EXERCISE INPUT -
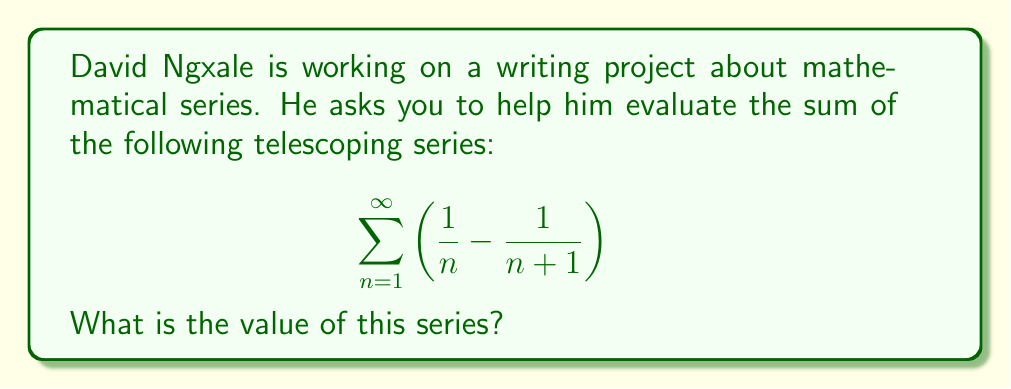Provide a solution to this math problem. Let's approach this step-by-step:

1) First, let's write out the first few terms of the series to observe the pattern:

   $\left(\frac{1}{1} - \frac{1}{2}\right) + \left(\frac{1}{2} - \frac{1}{3}\right) + \left(\frac{1}{3} - \frac{1}{4}\right) + \left(\frac{1}{4} - \frac{1}{5}\right) + ...$

2) We can see that the series is telescoping, meaning that each term after the first $\frac{1}{1}$ cancels out with a part of the next term.

3) Let's write out the partial sum $S_n$ for the first n terms:

   $S_n = \left(\frac{1}{1} - \frac{1}{2}\right) + \left(\frac{1}{2} - \frac{1}{3}\right) + ... + \left(\frac{1}{n} - \frac{1}{n+1}\right)$

4) Cancelling out the terms that appear both positively and negatively, we get:

   $S_n = 1 - \frac{1}{n+1}$

5) To find the sum of the infinite series, we need to take the limit as n approaches infinity:

   $\lim_{n \to \infty} S_n = \lim_{n \to \infty} \left(1 - \frac{1}{n+1}\right)$

6) As n approaches infinity, $\frac{1}{n+1}$ approaches 0, so:

   $\lim_{n \to \infty} S_n = 1 - 0 = 1$

Therefore, the sum of the infinite series is 1.
Answer: 1 
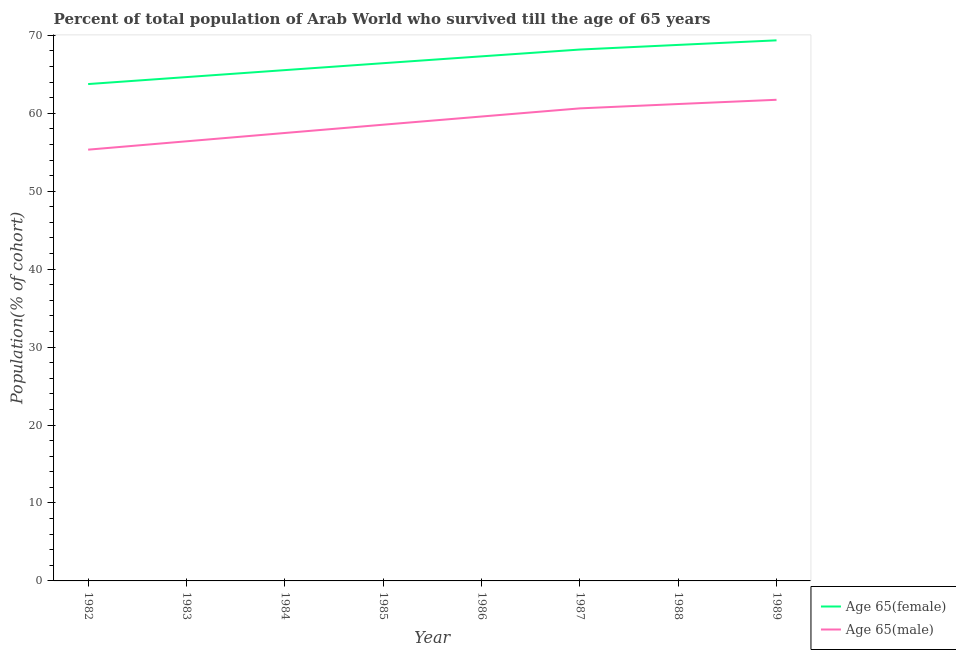Does the line corresponding to percentage of male population who survived till age of 65 intersect with the line corresponding to percentage of female population who survived till age of 65?
Ensure brevity in your answer.  No. What is the percentage of female population who survived till age of 65 in 1986?
Keep it short and to the point. 67.3. Across all years, what is the maximum percentage of male population who survived till age of 65?
Provide a succinct answer. 61.73. Across all years, what is the minimum percentage of female population who survived till age of 65?
Your answer should be compact. 63.75. In which year was the percentage of male population who survived till age of 65 minimum?
Offer a very short reply. 1982. What is the total percentage of female population who survived till age of 65 in the graph?
Keep it short and to the point. 533.96. What is the difference between the percentage of female population who survived till age of 65 in 1985 and that in 1987?
Your response must be concise. -1.75. What is the difference between the percentage of male population who survived till age of 65 in 1982 and the percentage of female population who survived till age of 65 in 1987?
Give a very brief answer. -12.84. What is the average percentage of male population who survived till age of 65 per year?
Ensure brevity in your answer.  58.86. In the year 1984, what is the difference between the percentage of male population who survived till age of 65 and percentage of female population who survived till age of 65?
Offer a very short reply. -8.07. In how many years, is the percentage of female population who survived till age of 65 greater than 8 %?
Keep it short and to the point. 8. What is the ratio of the percentage of male population who survived till age of 65 in 1987 to that in 1989?
Keep it short and to the point. 0.98. What is the difference between the highest and the second highest percentage of male population who survived till age of 65?
Offer a very short reply. 0.55. What is the difference between the highest and the lowest percentage of female population who survived till age of 65?
Ensure brevity in your answer.  5.61. Does the percentage of female population who survived till age of 65 monotonically increase over the years?
Make the answer very short. Yes. Is the percentage of female population who survived till age of 65 strictly less than the percentage of male population who survived till age of 65 over the years?
Ensure brevity in your answer.  No. How many lines are there?
Offer a very short reply. 2. Are the values on the major ticks of Y-axis written in scientific E-notation?
Your answer should be compact. No. Where does the legend appear in the graph?
Ensure brevity in your answer.  Bottom right. How many legend labels are there?
Offer a terse response. 2. How are the legend labels stacked?
Provide a short and direct response. Vertical. What is the title of the graph?
Provide a succinct answer. Percent of total population of Arab World who survived till the age of 65 years. Does "Number of departures" appear as one of the legend labels in the graph?
Keep it short and to the point. No. What is the label or title of the X-axis?
Offer a terse response. Year. What is the label or title of the Y-axis?
Keep it short and to the point. Population(% of cohort). What is the Population(% of cohort) of Age 65(female) in 1982?
Ensure brevity in your answer.  63.75. What is the Population(% of cohort) in Age 65(male) in 1982?
Offer a terse response. 55.33. What is the Population(% of cohort) of Age 65(female) in 1983?
Your response must be concise. 64.64. What is the Population(% of cohort) in Age 65(male) in 1983?
Provide a short and direct response. 56.4. What is the Population(% of cohort) of Age 65(female) in 1984?
Provide a short and direct response. 65.54. What is the Population(% of cohort) in Age 65(male) in 1984?
Your response must be concise. 57.47. What is the Population(% of cohort) in Age 65(female) in 1985?
Offer a very short reply. 66.42. What is the Population(% of cohort) in Age 65(male) in 1985?
Offer a terse response. 58.53. What is the Population(% of cohort) of Age 65(female) in 1986?
Keep it short and to the point. 67.3. What is the Population(% of cohort) of Age 65(male) in 1986?
Give a very brief answer. 59.58. What is the Population(% of cohort) in Age 65(female) in 1987?
Ensure brevity in your answer.  68.18. What is the Population(% of cohort) in Age 65(male) in 1987?
Offer a terse response. 60.63. What is the Population(% of cohort) in Age 65(female) in 1988?
Offer a very short reply. 68.77. What is the Population(% of cohort) in Age 65(male) in 1988?
Make the answer very short. 61.19. What is the Population(% of cohort) in Age 65(female) in 1989?
Offer a very short reply. 69.36. What is the Population(% of cohort) in Age 65(male) in 1989?
Your answer should be compact. 61.73. Across all years, what is the maximum Population(% of cohort) in Age 65(female)?
Your answer should be very brief. 69.36. Across all years, what is the maximum Population(% of cohort) of Age 65(male)?
Offer a very short reply. 61.73. Across all years, what is the minimum Population(% of cohort) in Age 65(female)?
Ensure brevity in your answer.  63.75. Across all years, what is the minimum Population(% of cohort) in Age 65(male)?
Offer a terse response. 55.33. What is the total Population(% of cohort) in Age 65(female) in the graph?
Ensure brevity in your answer.  533.96. What is the total Population(% of cohort) in Age 65(male) in the graph?
Keep it short and to the point. 470.87. What is the difference between the Population(% of cohort) in Age 65(female) in 1982 and that in 1983?
Offer a terse response. -0.9. What is the difference between the Population(% of cohort) in Age 65(male) in 1982 and that in 1983?
Make the answer very short. -1.07. What is the difference between the Population(% of cohort) of Age 65(female) in 1982 and that in 1984?
Your answer should be very brief. -1.79. What is the difference between the Population(% of cohort) in Age 65(male) in 1982 and that in 1984?
Your answer should be very brief. -2.14. What is the difference between the Population(% of cohort) of Age 65(female) in 1982 and that in 1985?
Provide a succinct answer. -2.68. What is the difference between the Population(% of cohort) of Age 65(male) in 1982 and that in 1985?
Offer a very short reply. -3.2. What is the difference between the Population(% of cohort) in Age 65(female) in 1982 and that in 1986?
Your answer should be compact. -3.56. What is the difference between the Population(% of cohort) in Age 65(male) in 1982 and that in 1986?
Offer a very short reply. -4.25. What is the difference between the Population(% of cohort) in Age 65(female) in 1982 and that in 1987?
Provide a short and direct response. -4.43. What is the difference between the Population(% of cohort) in Age 65(male) in 1982 and that in 1987?
Give a very brief answer. -5.3. What is the difference between the Population(% of cohort) of Age 65(female) in 1982 and that in 1988?
Offer a very short reply. -5.02. What is the difference between the Population(% of cohort) in Age 65(male) in 1982 and that in 1988?
Offer a very short reply. -5.85. What is the difference between the Population(% of cohort) of Age 65(female) in 1982 and that in 1989?
Your answer should be compact. -5.61. What is the difference between the Population(% of cohort) in Age 65(male) in 1982 and that in 1989?
Offer a very short reply. -6.4. What is the difference between the Population(% of cohort) of Age 65(female) in 1983 and that in 1984?
Ensure brevity in your answer.  -0.89. What is the difference between the Population(% of cohort) in Age 65(male) in 1983 and that in 1984?
Your answer should be compact. -1.07. What is the difference between the Population(% of cohort) in Age 65(female) in 1983 and that in 1985?
Give a very brief answer. -1.78. What is the difference between the Population(% of cohort) in Age 65(male) in 1983 and that in 1985?
Provide a short and direct response. -2.13. What is the difference between the Population(% of cohort) in Age 65(female) in 1983 and that in 1986?
Give a very brief answer. -2.66. What is the difference between the Population(% of cohort) of Age 65(male) in 1983 and that in 1986?
Offer a terse response. -3.18. What is the difference between the Population(% of cohort) of Age 65(female) in 1983 and that in 1987?
Your response must be concise. -3.53. What is the difference between the Population(% of cohort) in Age 65(male) in 1983 and that in 1987?
Provide a succinct answer. -4.23. What is the difference between the Population(% of cohort) of Age 65(female) in 1983 and that in 1988?
Offer a very short reply. -4.13. What is the difference between the Population(% of cohort) in Age 65(male) in 1983 and that in 1988?
Your answer should be compact. -4.78. What is the difference between the Population(% of cohort) in Age 65(female) in 1983 and that in 1989?
Offer a very short reply. -4.71. What is the difference between the Population(% of cohort) in Age 65(male) in 1983 and that in 1989?
Your answer should be compact. -5.33. What is the difference between the Population(% of cohort) in Age 65(female) in 1984 and that in 1985?
Your response must be concise. -0.89. What is the difference between the Population(% of cohort) in Age 65(male) in 1984 and that in 1985?
Provide a succinct answer. -1.06. What is the difference between the Population(% of cohort) of Age 65(female) in 1984 and that in 1986?
Provide a succinct answer. -1.77. What is the difference between the Population(% of cohort) in Age 65(male) in 1984 and that in 1986?
Give a very brief answer. -2.11. What is the difference between the Population(% of cohort) in Age 65(female) in 1984 and that in 1987?
Make the answer very short. -2.64. What is the difference between the Population(% of cohort) in Age 65(male) in 1984 and that in 1987?
Ensure brevity in your answer.  -3.16. What is the difference between the Population(% of cohort) of Age 65(female) in 1984 and that in 1988?
Your answer should be very brief. -3.23. What is the difference between the Population(% of cohort) in Age 65(male) in 1984 and that in 1988?
Your response must be concise. -3.72. What is the difference between the Population(% of cohort) in Age 65(female) in 1984 and that in 1989?
Ensure brevity in your answer.  -3.82. What is the difference between the Population(% of cohort) in Age 65(male) in 1984 and that in 1989?
Your response must be concise. -4.26. What is the difference between the Population(% of cohort) of Age 65(female) in 1985 and that in 1986?
Make the answer very short. -0.88. What is the difference between the Population(% of cohort) in Age 65(male) in 1985 and that in 1986?
Provide a succinct answer. -1.05. What is the difference between the Population(% of cohort) of Age 65(female) in 1985 and that in 1987?
Your answer should be very brief. -1.75. What is the difference between the Population(% of cohort) of Age 65(male) in 1985 and that in 1987?
Provide a short and direct response. -2.1. What is the difference between the Population(% of cohort) in Age 65(female) in 1985 and that in 1988?
Give a very brief answer. -2.35. What is the difference between the Population(% of cohort) in Age 65(male) in 1985 and that in 1988?
Provide a succinct answer. -2.65. What is the difference between the Population(% of cohort) in Age 65(female) in 1985 and that in 1989?
Provide a short and direct response. -2.93. What is the difference between the Population(% of cohort) of Age 65(male) in 1985 and that in 1989?
Give a very brief answer. -3.2. What is the difference between the Population(% of cohort) in Age 65(female) in 1986 and that in 1987?
Keep it short and to the point. -0.87. What is the difference between the Population(% of cohort) of Age 65(male) in 1986 and that in 1987?
Your answer should be very brief. -1.04. What is the difference between the Population(% of cohort) in Age 65(female) in 1986 and that in 1988?
Your answer should be compact. -1.47. What is the difference between the Population(% of cohort) of Age 65(male) in 1986 and that in 1988?
Your answer should be compact. -1.6. What is the difference between the Population(% of cohort) of Age 65(female) in 1986 and that in 1989?
Give a very brief answer. -2.05. What is the difference between the Population(% of cohort) in Age 65(male) in 1986 and that in 1989?
Keep it short and to the point. -2.15. What is the difference between the Population(% of cohort) of Age 65(female) in 1987 and that in 1988?
Your response must be concise. -0.6. What is the difference between the Population(% of cohort) of Age 65(male) in 1987 and that in 1988?
Keep it short and to the point. -0.56. What is the difference between the Population(% of cohort) of Age 65(female) in 1987 and that in 1989?
Give a very brief answer. -1.18. What is the difference between the Population(% of cohort) of Age 65(male) in 1987 and that in 1989?
Ensure brevity in your answer.  -1.1. What is the difference between the Population(% of cohort) in Age 65(female) in 1988 and that in 1989?
Offer a terse response. -0.59. What is the difference between the Population(% of cohort) of Age 65(male) in 1988 and that in 1989?
Your answer should be very brief. -0.55. What is the difference between the Population(% of cohort) in Age 65(female) in 1982 and the Population(% of cohort) in Age 65(male) in 1983?
Your answer should be compact. 7.34. What is the difference between the Population(% of cohort) of Age 65(female) in 1982 and the Population(% of cohort) of Age 65(male) in 1984?
Your answer should be very brief. 6.28. What is the difference between the Population(% of cohort) of Age 65(female) in 1982 and the Population(% of cohort) of Age 65(male) in 1985?
Give a very brief answer. 5.21. What is the difference between the Population(% of cohort) in Age 65(female) in 1982 and the Population(% of cohort) in Age 65(male) in 1986?
Your answer should be compact. 4.16. What is the difference between the Population(% of cohort) of Age 65(female) in 1982 and the Population(% of cohort) of Age 65(male) in 1987?
Your answer should be compact. 3.12. What is the difference between the Population(% of cohort) in Age 65(female) in 1982 and the Population(% of cohort) in Age 65(male) in 1988?
Offer a very short reply. 2.56. What is the difference between the Population(% of cohort) in Age 65(female) in 1982 and the Population(% of cohort) in Age 65(male) in 1989?
Keep it short and to the point. 2.02. What is the difference between the Population(% of cohort) of Age 65(female) in 1983 and the Population(% of cohort) of Age 65(male) in 1984?
Provide a succinct answer. 7.17. What is the difference between the Population(% of cohort) of Age 65(female) in 1983 and the Population(% of cohort) of Age 65(male) in 1985?
Ensure brevity in your answer.  6.11. What is the difference between the Population(% of cohort) of Age 65(female) in 1983 and the Population(% of cohort) of Age 65(male) in 1986?
Your answer should be compact. 5.06. What is the difference between the Population(% of cohort) of Age 65(female) in 1983 and the Population(% of cohort) of Age 65(male) in 1987?
Your response must be concise. 4.01. What is the difference between the Population(% of cohort) of Age 65(female) in 1983 and the Population(% of cohort) of Age 65(male) in 1988?
Provide a short and direct response. 3.46. What is the difference between the Population(% of cohort) of Age 65(female) in 1983 and the Population(% of cohort) of Age 65(male) in 1989?
Give a very brief answer. 2.91. What is the difference between the Population(% of cohort) in Age 65(female) in 1984 and the Population(% of cohort) in Age 65(male) in 1985?
Offer a terse response. 7. What is the difference between the Population(% of cohort) in Age 65(female) in 1984 and the Population(% of cohort) in Age 65(male) in 1986?
Your response must be concise. 5.95. What is the difference between the Population(% of cohort) in Age 65(female) in 1984 and the Population(% of cohort) in Age 65(male) in 1987?
Offer a terse response. 4.91. What is the difference between the Population(% of cohort) of Age 65(female) in 1984 and the Population(% of cohort) of Age 65(male) in 1988?
Offer a terse response. 4.35. What is the difference between the Population(% of cohort) in Age 65(female) in 1984 and the Population(% of cohort) in Age 65(male) in 1989?
Your answer should be very brief. 3.8. What is the difference between the Population(% of cohort) in Age 65(female) in 1985 and the Population(% of cohort) in Age 65(male) in 1986?
Make the answer very short. 6.84. What is the difference between the Population(% of cohort) of Age 65(female) in 1985 and the Population(% of cohort) of Age 65(male) in 1987?
Give a very brief answer. 5.8. What is the difference between the Population(% of cohort) in Age 65(female) in 1985 and the Population(% of cohort) in Age 65(male) in 1988?
Provide a succinct answer. 5.24. What is the difference between the Population(% of cohort) in Age 65(female) in 1985 and the Population(% of cohort) in Age 65(male) in 1989?
Keep it short and to the point. 4.69. What is the difference between the Population(% of cohort) of Age 65(female) in 1986 and the Population(% of cohort) of Age 65(male) in 1987?
Offer a terse response. 6.68. What is the difference between the Population(% of cohort) in Age 65(female) in 1986 and the Population(% of cohort) in Age 65(male) in 1988?
Your response must be concise. 6.12. What is the difference between the Population(% of cohort) of Age 65(female) in 1986 and the Population(% of cohort) of Age 65(male) in 1989?
Provide a short and direct response. 5.57. What is the difference between the Population(% of cohort) in Age 65(female) in 1987 and the Population(% of cohort) in Age 65(male) in 1988?
Your response must be concise. 6.99. What is the difference between the Population(% of cohort) of Age 65(female) in 1987 and the Population(% of cohort) of Age 65(male) in 1989?
Make the answer very short. 6.44. What is the difference between the Population(% of cohort) of Age 65(female) in 1988 and the Population(% of cohort) of Age 65(male) in 1989?
Keep it short and to the point. 7.04. What is the average Population(% of cohort) of Age 65(female) per year?
Offer a terse response. 66.74. What is the average Population(% of cohort) of Age 65(male) per year?
Your response must be concise. 58.86. In the year 1982, what is the difference between the Population(% of cohort) of Age 65(female) and Population(% of cohort) of Age 65(male)?
Make the answer very short. 8.42. In the year 1983, what is the difference between the Population(% of cohort) of Age 65(female) and Population(% of cohort) of Age 65(male)?
Your response must be concise. 8.24. In the year 1984, what is the difference between the Population(% of cohort) of Age 65(female) and Population(% of cohort) of Age 65(male)?
Ensure brevity in your answer.  8.07. In the year 1985, what is the difference between the Population(% of cohort) of Age 65(female) and Population(% of cohort) of Age 65(male)?
Provide a short and direct response. 7.89. In the year 1986, what is the difference between the Population(% of cohort) in Age 65(female) and Population(% of cohort) in Age 65(male)?
Give a very brief answer. 7.72. In the year 1987, what is the difference between the Population(% of cohort) of Age 65(female) and Population(% of cohort) of Age 65(male)?
Your answer should be compact. 7.55. In the year 1988, what is the difference between the Population(% of cohort) in Age 65(female) and Population(% of cohort) in Age 65(male)?
Provide a succinct answer. 7.58. In the year 1989, what is the difference between the Population(% of cohort) of Age 65(female) and Population(% of cohort) of Age 65(male)?
Keep it short and to the point. 7.63. What is the ratio of the Population(% of cohort) of Age 65(female) in 1982 to that in 1983?
Your answer should be very brief. 0.99. What is the ratio of the Population(% of cohort) in Age 65(male) in 1982 to that in 1983?
Your answer should be very brief. 0.98. What is the ratio of the Population(% of cohort) of Age 65(female) in 1982 to that in 1984?
Provide a succinct answer. 0.97. What is the ratio of the Population(% of cohort) of Age 65(male) in 1982 to that in 1984?
Give a very brief answer. 0.96. What is the ratio of the Population(% of cohort) of Age 65(female) in 1982 to that in 1985?
Your answer should be compact. 0.96. What is the ratio of the Population(% of cohort) in Age 65(male) in 1982 to that in 1985?
Provide a short and direct response. 0.95. What is the ratio of the Population(% of cohort) of Age 65(female) in 1982 to that in 1986?
Offer a terse response. 0.95. What is the ratio of the Population(% of cohort) of Age 65(female) in 1982 to that in 1987?
Ensure brevity in your answer.  0.94. What is the ratio of the Population(% of cohort) in Age 65(male) in 1982 to that in 1987?
Provide a short and direct response. 0.91. What is the ratio of the Population(% of cohort) in Age 65(female) in 1982 to that in 1988?
Make the answer very short. 0.93. What is the ratio of the Population(% of cohort) of Age 65(male) in 1982 to that in 1988?
Provide a succinct answer. 0.9. What is the ratio of the Population(% of cohort) in Age 65(female) in 1982 to that in 1989?
Provide a short and direct response. 0.92. What is the ratio of the Population(% of cohort) of Age 65(male) in 1982 to that in 1989?
Offer a terse response. 0.9. What is the ratio of the Population(% of cohort) of Age 65(female) in 1983 to that in 1984?
Give a very brief answer. 0.99. What is the ratio of the Population(% of cohort) in Age 65(male) in 1983 to that in 1984?
Offer a very short reply. 0.98. What is the ratio of the Population(% of cohort) in Age 65(female) in 1983 to that in 1985?
Your response must be concise. 0.97. What is the ratio of the Population(% of cohort) of Age 65(male) in 1983 to that in 1985?
Offer a very short reply. 0.96. What is the ratio of the Population(% of cohort) of Age 65(female) in 1983 to that in 1986?
Keep it short and to the point. 0.96. What is the ratio of the Population(% of cohort) of Age 65(male) in 1983 to that in 1986?
Make the answer very short. 0.95. What is the ratio of the Population(% of cohort) in Age 65(female) in 1983 to that in 1987?
Your response must be concise. 0.95. What is the ratio of the Population(% of cohort) in Age 65(male) in 1983 to that in 1987?
Provide a succinct answer. 0.93. What is the ratio of the Population(% of cohort) in Age 65(male) in 1983 to that in 1988?
Give a very brief answer. 0.92. What is the ratio of the Population(% of cohort) in Age 65(female) in 1983 to that in 1989?
Keep it short and to the point. 0.93. What is the ratio of the Population(% of cohort) in Age 65(male) in 1983 to that in 1989?
Offer a terse response. 0.91. What is the ratio of the Population(% of cohort) of Age 65(female) in 1984 to that in 1985?
Your answer should be compact. 0.99. What is the ratio of the Population(% of cohort) in Age 65(male) in 1984 to that in 1985?
Provide a short and direct response. 0.98. What is the ratio of the Population(% of cohort) of Age 65(female) in 1984 to that in 1986?
Offer a terse response. 0.97. What is the ratio of the Population(% of cohort) in Age 65(male) in 1984 to that in 1986?
Your answer should be very brief. 0.96. What is the ratio of the Population(% of cohort) in Age 65(female) in 1984 to that in 1987?
Your answer should be very brief. 0.96. What is the ratio of the Population(% of cohort) of Age 65(male) in 1984 to that in 1987?
Your answer should be very brief. 0.95. What is the ratio of the Population(% of cohort) of Age 65(female) in 1984 to that in 1988?
Ensure brevity in your answer.  0.95. What is the ratio of the Population(% of cohort) in Age 65(male) in 1984 to that in 1988?
Provide a short and direct response. 0.94. What is the ratio of the Population(% of cohort) in Age 65(female) in 1984 to that in 1989?
Ensure brevity in your answer.  0.94. What is the ratio of the Population(% of cohort) in Age 65(male) in 1984 to that in 1989?
Provide a short and direct response. 0.93. What is the ratio of the Population(% of cohort) of Age 65(female) in 1985 to that in 1986?
Provide a short and direct response. 0.99. What is the ratio of the Population(% of cohort) of Age 65(male) in 1985 to that in 1986?
Your response must be concise. 0.98. What is the ratio of the Population(% of cohort) of Age 65(female) in 1985 to that in 1987?
Make the answer very short. 0.97. What is the ratio of the Population(% of cohort) in Age 65(male) in 1985 to that in 1987?
Provide a short and direct response. 0.97. What is the ratio of the Population(% of cohort) in Age 65(female) in 1985 to that in 1988?
Your answer should be compact. 0.97. What is the ratio of the Population(% of cohort) of Age 65(male) in 1985 to that in 1988?
Your answer should be compact. 0.96. What is the ratio of the Population(% of cohort) of Age 65(female) in 1985 to that in 1989?
Your answer should be very brief. 0.96. What is the ratio of the Population(% of cohort) in Age 65(male) in 1985 to that in 1989?
Offer a terse response. 0.95. What is the ratio of the Population(% of cohort) in Age 65(female) in 1986 to that in 1987?
Give a very brief answer. 0.99. What is the ratio of the Population(% of cohort) in Age 65(male) in 1986 to that in 1987?
Offer a terse response. 0.98. What is the ratio of the Population(% of cohort) of Age 65(female) in 1986 to that in 1988?
Your answer should be very brief. 0.98. What is the ratio of the Population(% of cohort) of Age 65(male) in 1986 to that in 1988?
Provide a succinct answer. 0.97. What is the ratio of the Population(% of cohort) in Age 65(female) in 1986 to that in 1989?
Provide a short and direct response. 0.97. What is the ratio of the Population(% of cohort) of Age 65(male) in 1986 to that in 1989?
Offer a very short reply. 0.97. What is the ratio of the Population(% of cohort) in Age 65(female) in 1987 to that in 1988?
Offer a very short reply. 0.99. What is the ratio of the Population(% of cohort) of Age 65(male) in 1987 to that in 1988?
Make the answer very short. 0.99. What is the ratio of the Population(% of cohort) of Age 65(male) in 1987 to that in 1989?
Your answer should be very brief. 0.98. What is the ratio of the Population(% of cohort) in Age 65(female) in 1988 to that in 1989?
Make the answer very short. 0.99. What is the difference between the highest and the second highest Population(% of cohort) of Age 65(female)?
Offer a terse response. 0.59. What is the difference between the highest and the second highest Population(% of cohort) of Age 65(male)?
Give a very brief answer. 0.55. What is the difference between the highest and the lowest Population(% of cohort) in Age 65(female)?
Keep it short and to the point. 5.61. What is the difference between the highest and the lowest Population(% of cohort) of Age 65(male)?
Give a very brief answer. 6.4.

TRY IT - Precisely the line with "Keep it short and to the point. 5.61." and the lines after it, up to the last line of the entries above, are to be reproduced, and nothing more.

RESPONSE -
Keep it short and to the point. 5.61. What is the difference between the highest and the lowest Population(% of cohort) of Age 65(male)?
Give a very brief answer. 6.4.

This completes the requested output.